Items from a data source
************
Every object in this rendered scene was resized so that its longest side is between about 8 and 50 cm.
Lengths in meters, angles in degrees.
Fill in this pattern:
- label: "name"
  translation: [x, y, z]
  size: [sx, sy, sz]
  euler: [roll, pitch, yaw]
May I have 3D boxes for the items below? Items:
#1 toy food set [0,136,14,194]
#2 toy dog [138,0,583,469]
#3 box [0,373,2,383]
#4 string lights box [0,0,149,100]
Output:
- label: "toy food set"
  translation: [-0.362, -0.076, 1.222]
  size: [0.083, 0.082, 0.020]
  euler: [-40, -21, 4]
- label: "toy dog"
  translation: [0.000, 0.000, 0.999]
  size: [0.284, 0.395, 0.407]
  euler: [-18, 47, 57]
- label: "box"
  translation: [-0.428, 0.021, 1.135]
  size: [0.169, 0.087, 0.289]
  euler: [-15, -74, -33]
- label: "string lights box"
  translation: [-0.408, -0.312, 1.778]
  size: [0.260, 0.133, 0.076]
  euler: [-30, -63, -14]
************
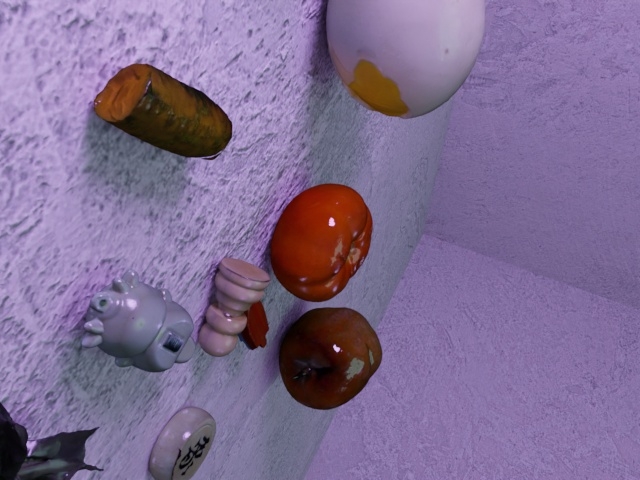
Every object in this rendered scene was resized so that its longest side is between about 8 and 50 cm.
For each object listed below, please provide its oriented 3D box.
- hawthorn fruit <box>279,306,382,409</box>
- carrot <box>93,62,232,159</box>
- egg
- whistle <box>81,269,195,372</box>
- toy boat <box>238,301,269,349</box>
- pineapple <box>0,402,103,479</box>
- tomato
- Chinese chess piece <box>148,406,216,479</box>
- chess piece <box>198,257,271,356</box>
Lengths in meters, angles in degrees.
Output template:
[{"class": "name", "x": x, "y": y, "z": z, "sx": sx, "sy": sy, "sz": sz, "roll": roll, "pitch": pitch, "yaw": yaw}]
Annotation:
************
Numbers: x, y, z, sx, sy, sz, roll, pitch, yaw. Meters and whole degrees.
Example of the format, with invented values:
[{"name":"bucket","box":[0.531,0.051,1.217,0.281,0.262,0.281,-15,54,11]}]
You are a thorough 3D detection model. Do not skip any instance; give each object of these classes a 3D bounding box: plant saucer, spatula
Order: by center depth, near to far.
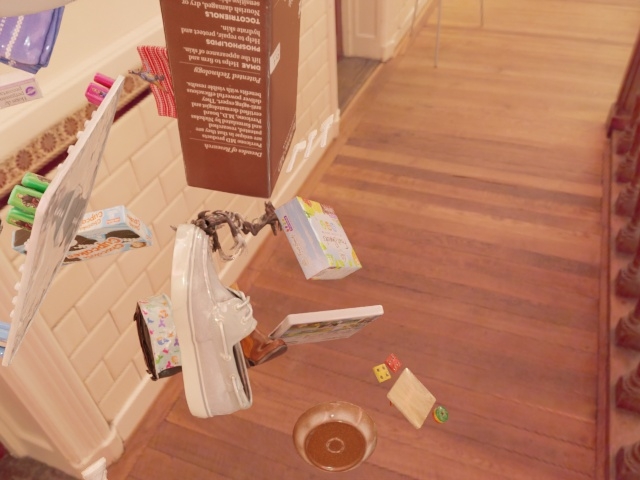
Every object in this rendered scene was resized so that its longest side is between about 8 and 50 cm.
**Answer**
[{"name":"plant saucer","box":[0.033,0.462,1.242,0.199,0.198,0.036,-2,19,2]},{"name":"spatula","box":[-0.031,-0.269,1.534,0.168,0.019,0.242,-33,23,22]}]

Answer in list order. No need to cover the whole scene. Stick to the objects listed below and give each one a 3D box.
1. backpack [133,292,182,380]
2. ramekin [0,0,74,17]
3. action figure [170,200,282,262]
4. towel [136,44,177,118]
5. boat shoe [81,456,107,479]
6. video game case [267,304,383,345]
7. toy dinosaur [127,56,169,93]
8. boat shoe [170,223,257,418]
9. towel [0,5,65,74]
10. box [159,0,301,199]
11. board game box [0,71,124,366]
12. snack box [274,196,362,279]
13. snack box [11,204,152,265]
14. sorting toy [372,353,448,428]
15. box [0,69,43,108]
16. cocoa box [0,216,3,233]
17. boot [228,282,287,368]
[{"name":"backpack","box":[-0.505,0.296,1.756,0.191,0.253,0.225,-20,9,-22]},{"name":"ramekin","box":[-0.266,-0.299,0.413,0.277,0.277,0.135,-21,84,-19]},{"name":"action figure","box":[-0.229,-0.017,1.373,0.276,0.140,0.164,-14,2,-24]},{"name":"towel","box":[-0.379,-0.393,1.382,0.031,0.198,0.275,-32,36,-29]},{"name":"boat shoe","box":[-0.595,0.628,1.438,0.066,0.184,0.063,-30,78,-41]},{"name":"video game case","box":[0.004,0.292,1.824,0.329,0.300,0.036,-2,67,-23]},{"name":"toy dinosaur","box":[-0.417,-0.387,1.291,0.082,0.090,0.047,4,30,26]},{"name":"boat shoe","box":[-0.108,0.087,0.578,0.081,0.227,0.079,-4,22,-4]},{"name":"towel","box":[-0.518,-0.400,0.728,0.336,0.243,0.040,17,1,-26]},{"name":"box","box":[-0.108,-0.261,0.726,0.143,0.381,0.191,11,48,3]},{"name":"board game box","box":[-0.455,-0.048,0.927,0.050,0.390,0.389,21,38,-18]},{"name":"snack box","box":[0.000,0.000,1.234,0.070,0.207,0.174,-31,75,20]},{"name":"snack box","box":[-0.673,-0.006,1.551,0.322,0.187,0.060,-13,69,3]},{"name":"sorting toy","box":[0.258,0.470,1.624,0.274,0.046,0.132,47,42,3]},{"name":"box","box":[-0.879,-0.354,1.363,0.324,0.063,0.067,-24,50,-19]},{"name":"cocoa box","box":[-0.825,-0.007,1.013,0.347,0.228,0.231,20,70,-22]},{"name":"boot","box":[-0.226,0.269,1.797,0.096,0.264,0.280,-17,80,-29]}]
************
• [What is being asked]: Which of the lines above hold the string "whole"? Copy each one.

• [Answer to this exercise]:
Numbers: x, y, z, sx, sy, sz, roll, pitch, yaw. Meters and whole degrees.
Answer in list order. No need to cover the whole scene. Stick to the objects listed below and give each one a 3D box.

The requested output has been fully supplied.